Trapped in the Khetto

An excellent post by Scotty P reminded me of something that I'd been meaning to rant about for a while.

A phrase that I've been using quite a bit recently to describe my coaching is "giving you a box, which you can later think outside of." It's a little clumsy, but the point is that a lot of the "rules" that we set up for young debaters need to eventually be broken. For starters, we give kids the 4-stock-issues box and let them live there for a little while, get used to things, and have some fun. When the strategic limitations of that box start to show themselves, we introduce disads and T and kritiks and counterplans and the list goes on. Each presents a new tool, a new "thinking outside the box" way of attacking the plan.

This also applies to strategic decisions. You should put perms on every counterplan, except when you shouldn't. Link-turning is a more strategic way of answering disads, except when it isn't. Every position needs to be answered with offense, except when it doesn't.
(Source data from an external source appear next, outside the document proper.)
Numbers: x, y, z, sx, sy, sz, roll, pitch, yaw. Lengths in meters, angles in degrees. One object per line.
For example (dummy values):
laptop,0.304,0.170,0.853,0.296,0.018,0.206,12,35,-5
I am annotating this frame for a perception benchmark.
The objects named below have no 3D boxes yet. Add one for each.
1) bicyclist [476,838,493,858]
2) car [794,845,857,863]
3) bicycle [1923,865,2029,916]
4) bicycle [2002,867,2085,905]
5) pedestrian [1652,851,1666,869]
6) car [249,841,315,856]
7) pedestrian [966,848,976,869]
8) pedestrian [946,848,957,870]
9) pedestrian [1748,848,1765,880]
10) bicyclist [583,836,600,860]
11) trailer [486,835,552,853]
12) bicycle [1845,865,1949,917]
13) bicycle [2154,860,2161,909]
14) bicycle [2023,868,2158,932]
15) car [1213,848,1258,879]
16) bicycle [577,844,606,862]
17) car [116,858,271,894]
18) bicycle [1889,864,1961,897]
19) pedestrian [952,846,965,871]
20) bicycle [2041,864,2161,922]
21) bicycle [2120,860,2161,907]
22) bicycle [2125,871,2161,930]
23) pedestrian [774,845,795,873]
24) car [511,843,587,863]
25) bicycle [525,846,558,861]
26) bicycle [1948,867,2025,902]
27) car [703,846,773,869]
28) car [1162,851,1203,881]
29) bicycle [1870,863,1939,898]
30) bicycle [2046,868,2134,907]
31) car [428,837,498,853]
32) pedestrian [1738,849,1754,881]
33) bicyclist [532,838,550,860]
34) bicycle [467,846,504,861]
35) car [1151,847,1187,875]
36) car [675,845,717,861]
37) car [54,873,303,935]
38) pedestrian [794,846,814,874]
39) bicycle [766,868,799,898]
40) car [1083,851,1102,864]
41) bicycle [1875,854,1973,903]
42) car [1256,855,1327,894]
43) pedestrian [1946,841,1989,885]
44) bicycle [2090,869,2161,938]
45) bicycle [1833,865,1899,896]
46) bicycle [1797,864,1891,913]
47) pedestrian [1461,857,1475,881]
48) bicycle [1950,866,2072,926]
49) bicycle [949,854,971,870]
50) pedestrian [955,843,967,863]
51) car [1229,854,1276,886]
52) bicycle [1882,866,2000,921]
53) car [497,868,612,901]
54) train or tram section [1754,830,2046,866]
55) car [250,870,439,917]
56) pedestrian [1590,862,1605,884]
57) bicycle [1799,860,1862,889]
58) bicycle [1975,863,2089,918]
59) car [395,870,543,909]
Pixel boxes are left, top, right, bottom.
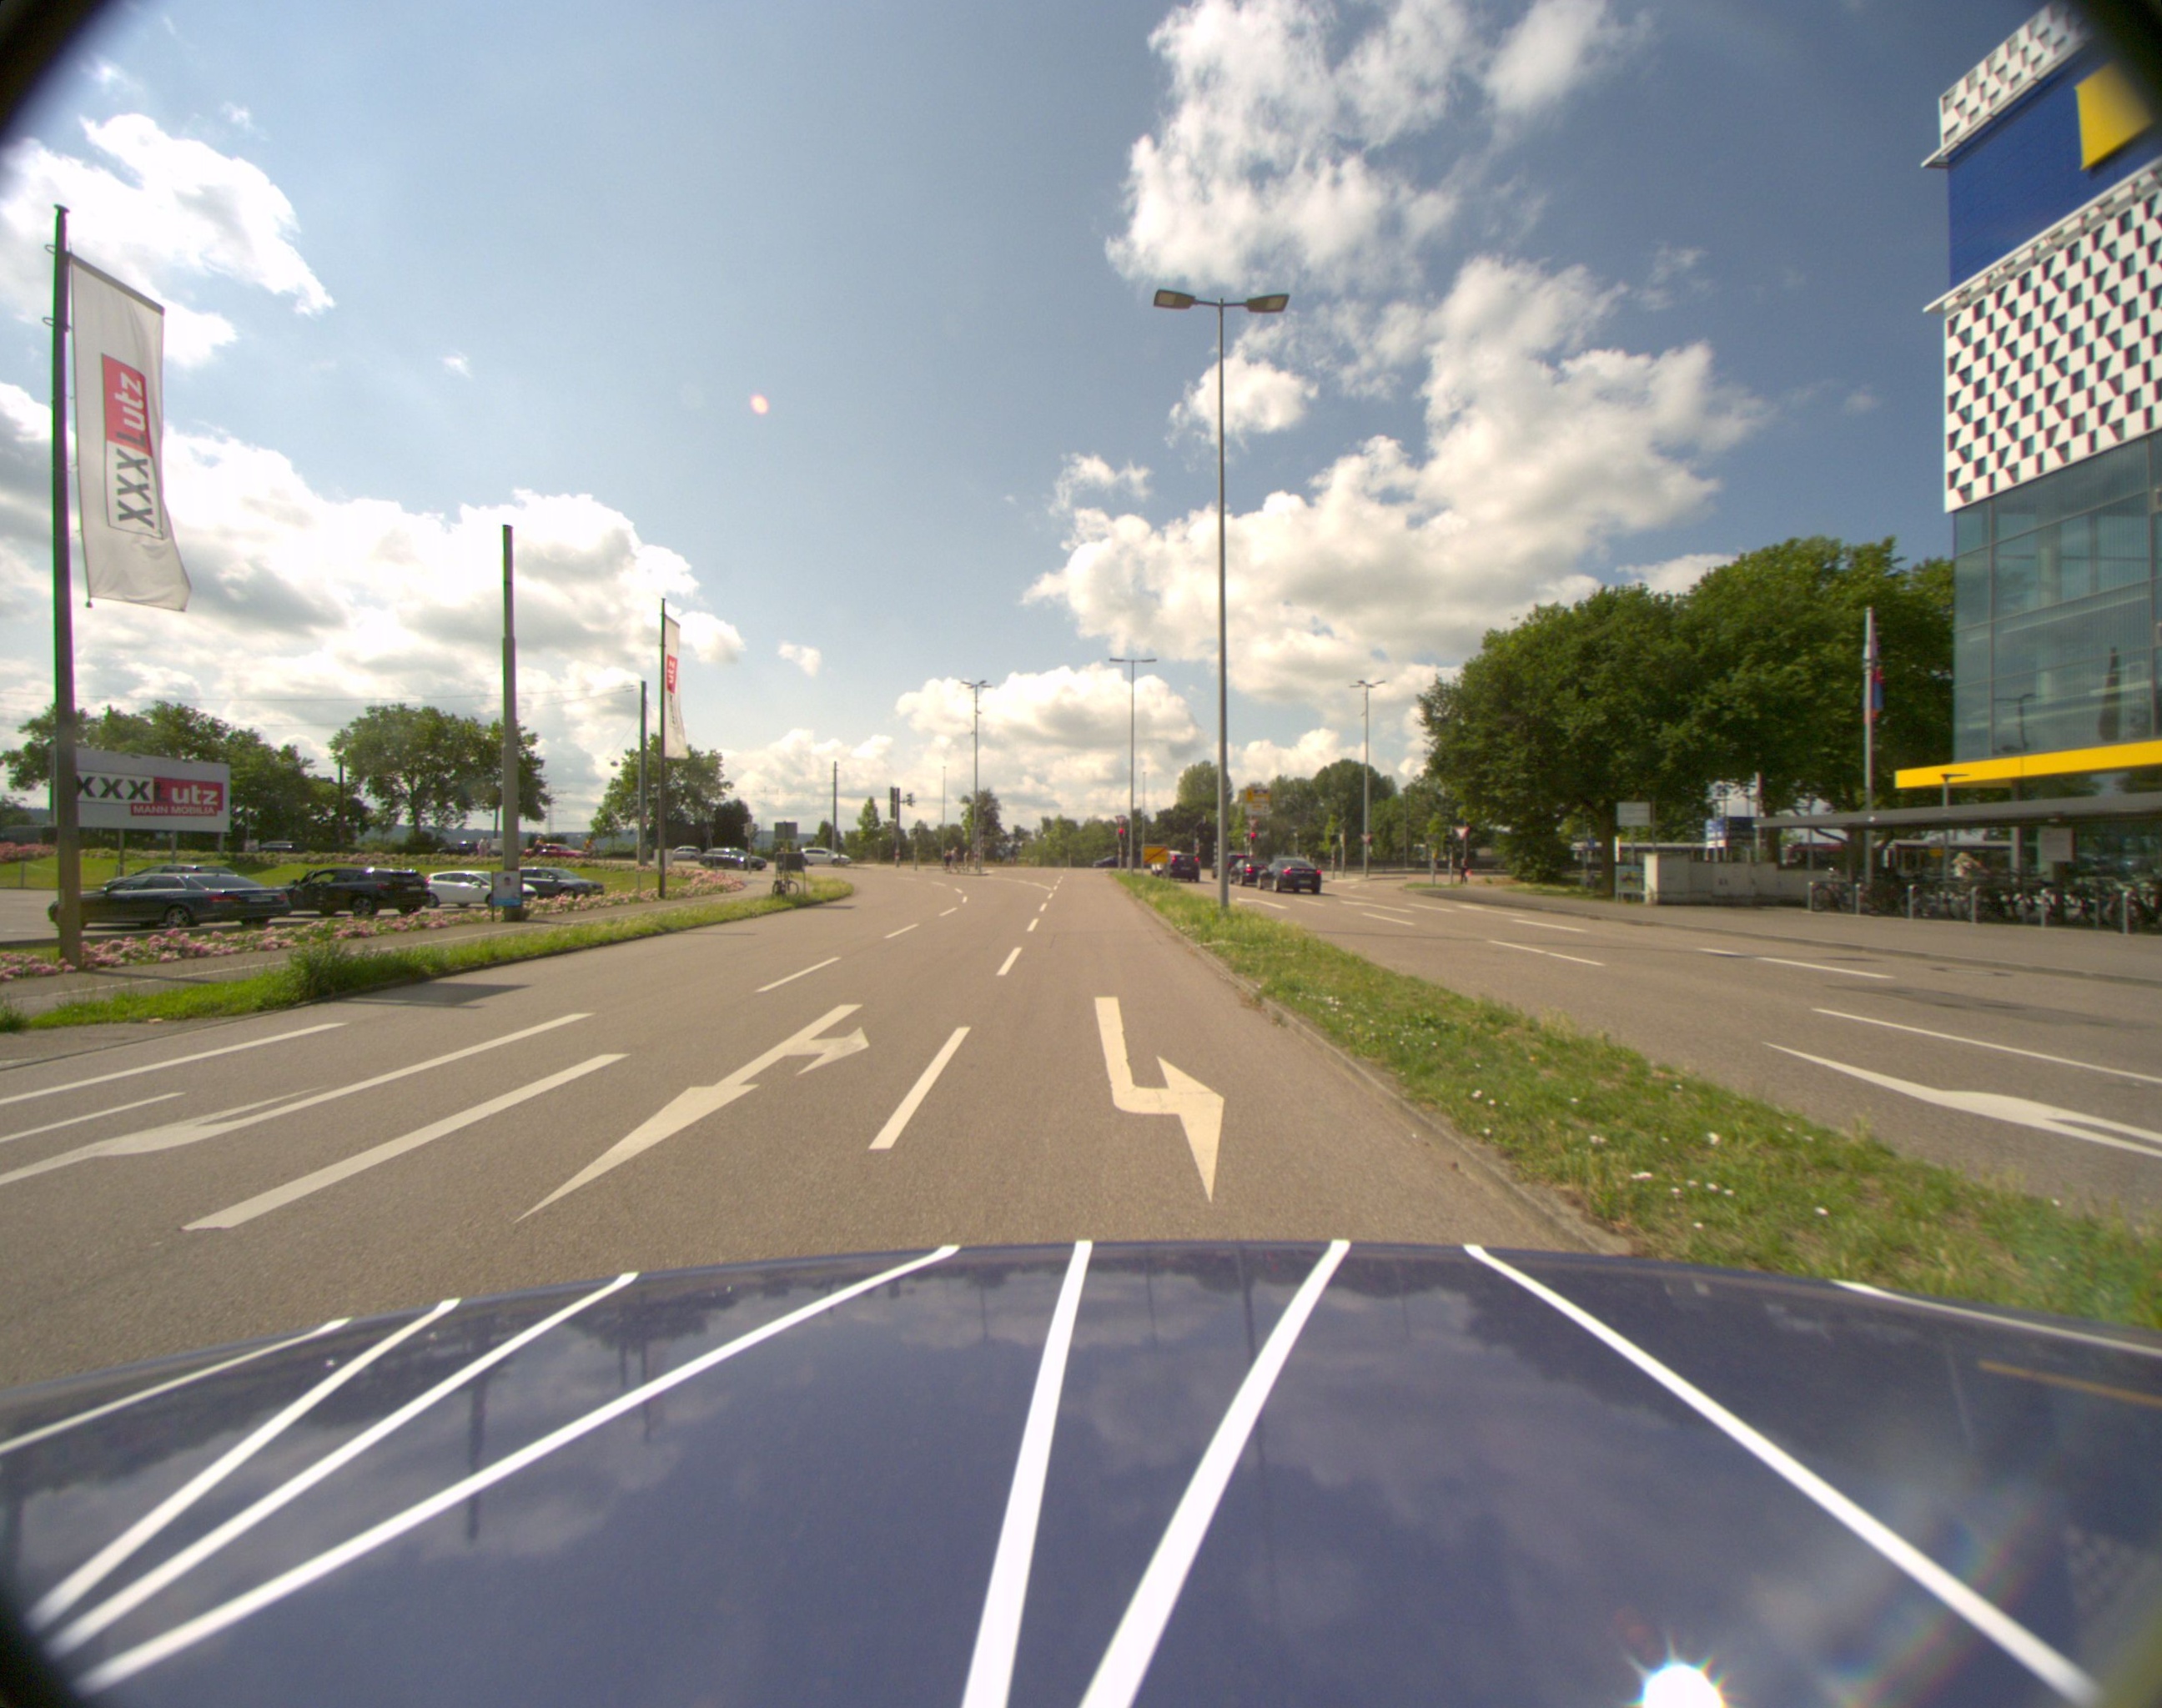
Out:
bicyclist,-39.603,-0.384,50.445,0.687,1.318,0.593,-1,0,1
car,-20.809,-0.001,62.065,4.495,1.405,2.013,0,0,-3
bicycle,22.678,0.913,19.263,1.930,1.265,0.630,-1,0,0
bicycle,28.700,0.943,22.663,1.935,1.083,0.520,-1,0,-4
pedestrian,60.944,0.667,80.092,0.792,1.842,0.761,1,0,-8
car,-84.273,-0.579,80.220,4.779,1.499,1.967,0,-2,-1
pedestrian,-7.957,0.342,54.893,0.556,1.515,0.470,-1,0,9
pedestrian,-9.181,0.364,53.798,0.584,1.515,0.469,0,1,9
pedestrian,36.373,0.542,40.915,0.528,1.693,0.410,-1,0,-9
bicyclist,-32.228,-0.395,50.039,0.696,1.526,0.621,-1,0,5
trailer,-57.921,-1.016,78.365,5.182,1.820,1.823,-1,1,-8
bicycle,20.639,0.920,19.232,1.930,1.265,0.630,-1,0,0
bicycle,28.763,0.780,19.421,1.950,1.236,0.597,0,1,-4
bicycle,20.765,0.932,15.646,1.930,1.265,0.630,-1,0,0
car,9.163,0.526,45.312,1.775,1.606,3.999,2,2,0
bicycle,-32.246,-0.060,50.032,1.503,1.158,0.621,-1,0,5
car,-38.433,0.956,32.987,4.369,1.400,2.050,2,-1,2
bicycle,28.372,0.880,25.555,1.939,1.064,0.529,0,1,-4
pedestrian,-8.562,0.324,52.996,0.688,1.718,0.701,1,2,12
bicycle,22.784,0.858,16.952,1.930,1.265,0.630,-1,0,0
bicycle,28.761,0.778,20.099,1.939,1.202,0.529,0,1,-4
bicycle,22.805,0.933,15.578,1.930,1.176,0.630,-1,0,0
pedestrian,-19.093,0.330,48.952,0.860,1.755,0.867,0,1,27
car,-38.115,-0.090,54.513,4.246,1.352,1.748,1,1,-1
bicycle,-35.629,-0.051,50.226,1.695,0.955,0.666,-1,0,1
bicycle,28.615,0.970,24.017,1.939,1.064,0.529,0,1,-4
car,-23.880,0.216,52.888,4.193,1.474,1.918,1,1,15
car,5.449,0.600,41.088,1.608,1.485,4.131,2,1,0
bicycle,28.317,0.896,26.132,1.961,1.165,0.467,-1,0,-4
bicycle,28.727,0.952,21.638,1.939,1.064,0.529,0,1,-4
car,-63.113,-0.892,77.638,5.252,1.565,1.998,0,1,-8
pedestrian,35.303,0.596,40.337,0.410,1.693,0.516,-1,0,-6
bicyclist,-35.677,-0.339,50.223,0.742,1.466,0.651,-1,0,1
bicycle,-39.508,-0.051,50.444,1.986,0.955,0.597,-1,0,1
car,5.492,0.386,47.889,1.712,1.610,4.376,2,1,-1
car,-40.323,-0.144,79.687,3.491,1.448,1.699,-3,3,-8
car,-23.493,1.275,19.897,4.369,1.468,1.857,-1,1,2
pedestrian,-17.452,0.374,47.880,0.820,1.792,0.761,0,1,27
bicycle,-10.458,1.009,26.679,0.518,0.947,1.543,-1,1,0
car,1.259,0.363,81.566,1.796,1.311,4.163,-1,0,3
bicycle,22.817,0.659,20.577,1.930,1.265,0.630,-1,0,0
car,8.792,0.813,32.117,1.668,1.413,4.518,2,1,0
pedestrian,34.716,0.327,29.761,0.898,1.697,0.710,0,1,-5
bicycle,20.731,0.936,14.563,1.930,1.265,0.630,-1,0,0
bicycle,28.354,0.948,27.459,1.939,1.064,0.529,0,1,-4
bicycle,20.751,0.928,20.681,1.930,1.265,0.630,-1,0,0
pedestrian,24.074,0.944,47.257,0.439,1.482,0.619,-1,1,-16
bicycle,20.686,0.923,16.922,1.930,1.265,0.630,-1,0,0
bicycle,-9.417,0.616,58.972,0.506,1.040,1.700,1,-5,40
pedestrian,-9.340,-0.072,59.049,0.505,1.526,0.687,1,-4,38
car,8.520,0.758,38.091,1.415,1.383,4.095,2,1,0
bicycle,20.586,0.945,18.212,2.094,1.265,0.630,-1,0,0
car,-23.964,1.369,34.668,3.997,1.410,1.715,0,1,-1
train or tram section,82.527,-0.582,76.881,25.113,3.014,4.530,1,0,-1
car,-23.999,1.273,24.874,4.369,1.408,1.857,-1,0,1
pedestrian,30.278,1.106,44.541,0.491,1.316,0.538,0,1,1
bicycle,28.403,0.754,28.808,1.939,1.064,0.529,0,1,-4
bicycle,22.848,0.865,18.275,1.930,1.265,0.630,-1,0,0
car,-24.108,1.373,30.025,4.369,1.431,1.796,0,0,1

Eventually the exceptions become more important than the rules, as the rules become more internalized. Those exceptions have rules to follow themselves, which in turn have their own exceptions. Eventually it starts to look like water. It's infinite regression, except in a good way. I'm far from the expert on the debate world, but the more debate I watch the more I see a correlation between high-level debating and formlessness. You put the debater in a cup, and it becomes the cup.

Except if that debater is a "K debater" and the cup is a "disad cup," apparently. That seems to be the major division in the debate world that people still attach themselves to. Either you are a "K debater" or a "policy debater" (or "straight up debater," or whatever). According to the conventional wisdom, you can't be good at both. Normally I'd pass this off as another piece of bad advice that gets repeated student-to-student, but a large number of coaches/judges seem to have bought into this notion as well. Camps even have "Kritik labs" nowadays.
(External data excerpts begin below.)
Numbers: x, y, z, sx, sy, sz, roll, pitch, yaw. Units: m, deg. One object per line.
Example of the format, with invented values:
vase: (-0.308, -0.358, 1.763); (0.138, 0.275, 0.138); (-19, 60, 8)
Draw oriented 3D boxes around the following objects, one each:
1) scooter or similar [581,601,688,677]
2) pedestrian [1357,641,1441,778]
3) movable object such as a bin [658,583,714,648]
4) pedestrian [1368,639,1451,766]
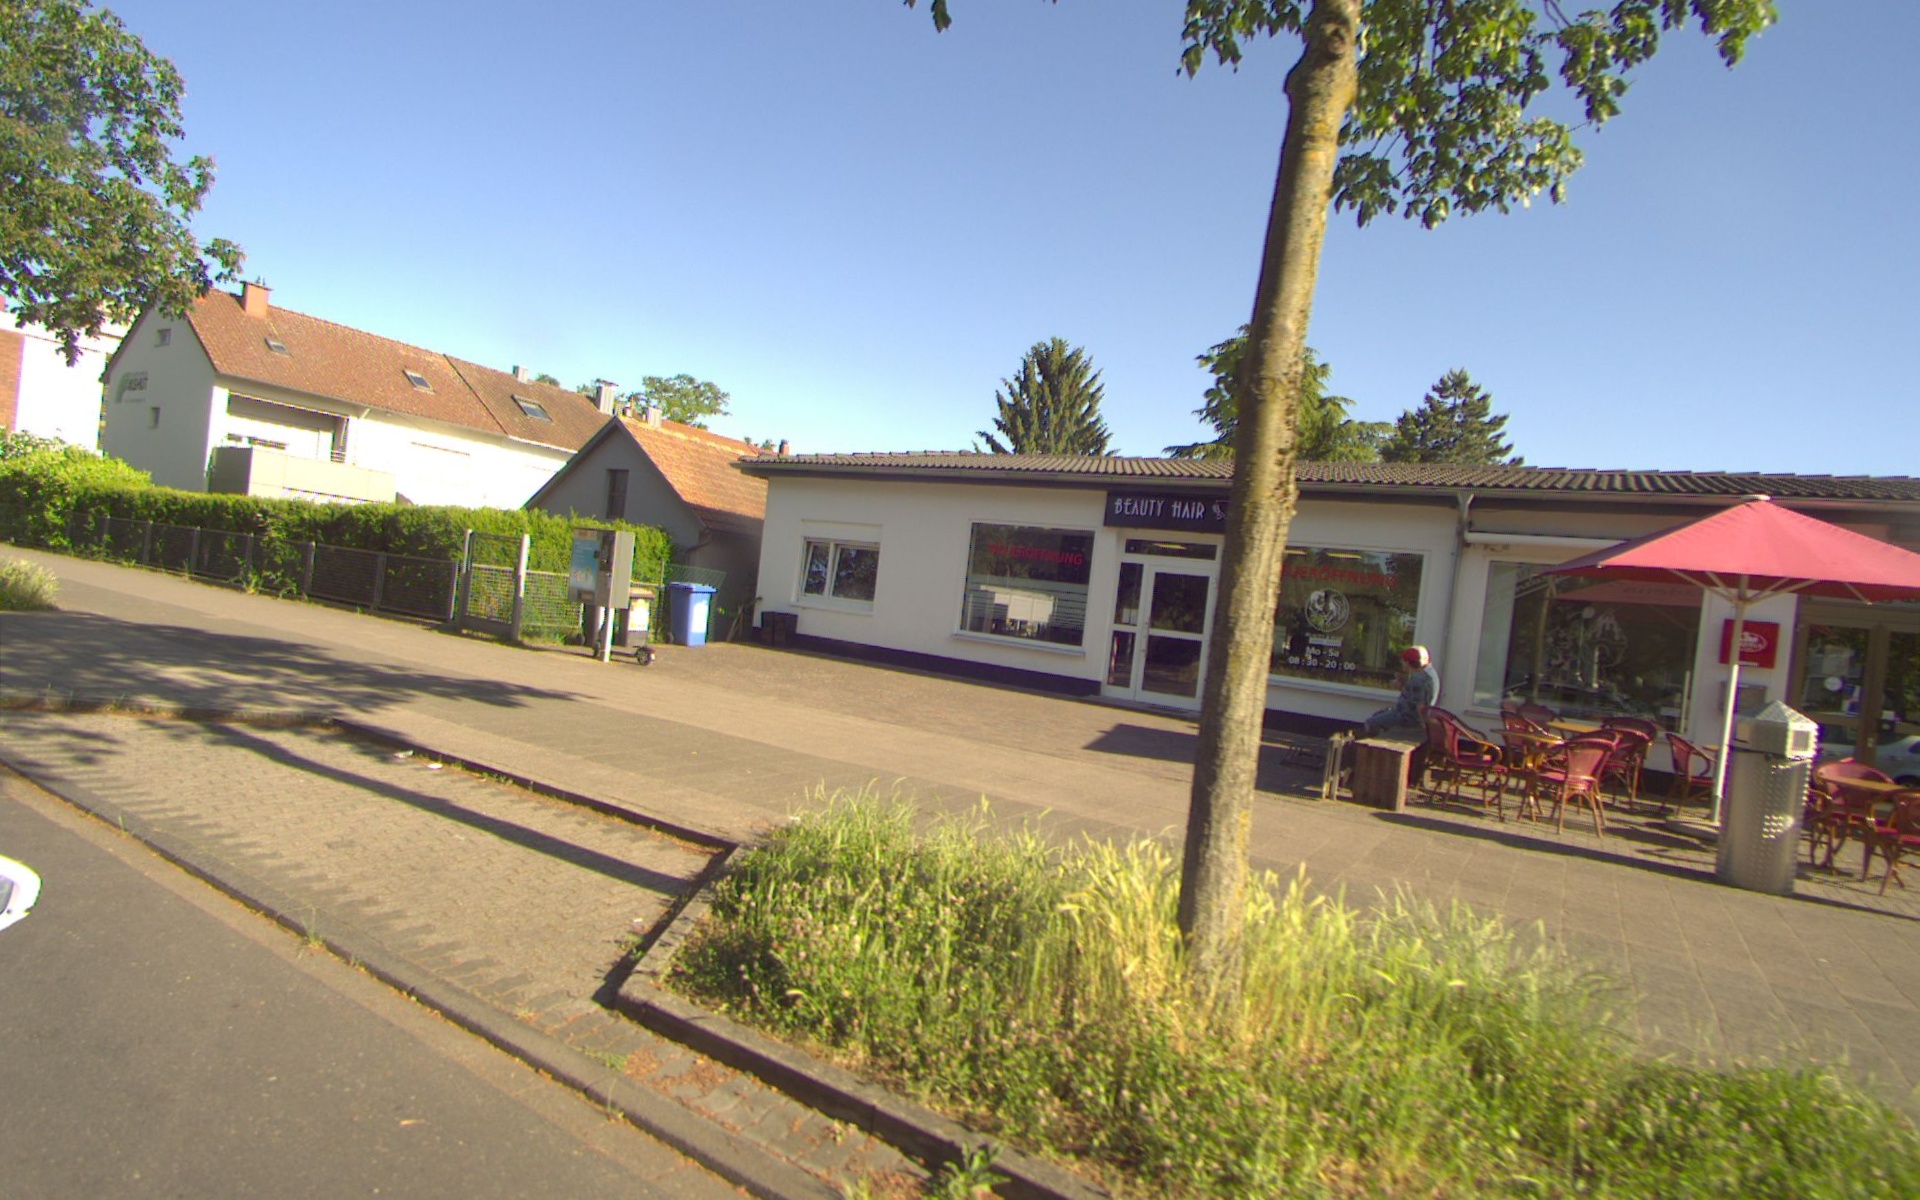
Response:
scooter or similar: (-4.499, 0.533, 13.912); (1.385, 0.868, 0.369); (7, 0, 19)
pedestrian: (4.828, 1.194, 11.072); (0.630, 1.401, 0.439); (6, -1, 38)
movable object such as a bin: (-4.700, 0.264, 17.239); (0.734, 1.045, 0.493); (6, 3, 31)
pedestrian: (5.293, 1.207, 11.855); (0.656, 1.427, 0.489); (4, 1, -29)

I've never been part of a "K lab," but based on the stories I've heard from a few students who have, they sound like a terrible idea. The idea of paying thousands of dollars for a camp and learning only kritiks is as ludicrous as paying thousands of dollars and only learning disads. Teaching kids debate without exposing them to a variety of strategies is teaching them to be rigid, strict, "inside the box."

The cliched objection to this is the "judge adaptation" problem. Eventually you are going to run into a judge who doesn't like kritiks (or who only likes kritiks). You are going to lose that round. This argument is over-done, but like most truisms, it's actually true. There is a certain group of people who react to these situations by complaining about the judge, maybe going so far as to use words like "illegit." I call these people "bad debaters.'

The more important problem, though, is that even if you run into K-friendly judges all year, you are still not thinking. You still aren't thinking a step ahead of your opponents (or forcing them to think a step ahead of you). You still aren't using all the available tools to win a round. You're being rigid. You're sticking to form. You're going through the motions. You're being lazy.

And if there's one thing that this game is good at, it's opening up ways for the strategic and the hard working to punish the lazy.

The pit of doom

I can't believe I've already been at this long enough to complain about memory loss, but alas, things are getting a little fuzzy. I'm pretty sure that this is built roughly around something a lab leader told me once at a debate camp, and I'm pretty sure that lab leader was Justin Greene. So, credit where it's due, as long as I'm remembering correctly.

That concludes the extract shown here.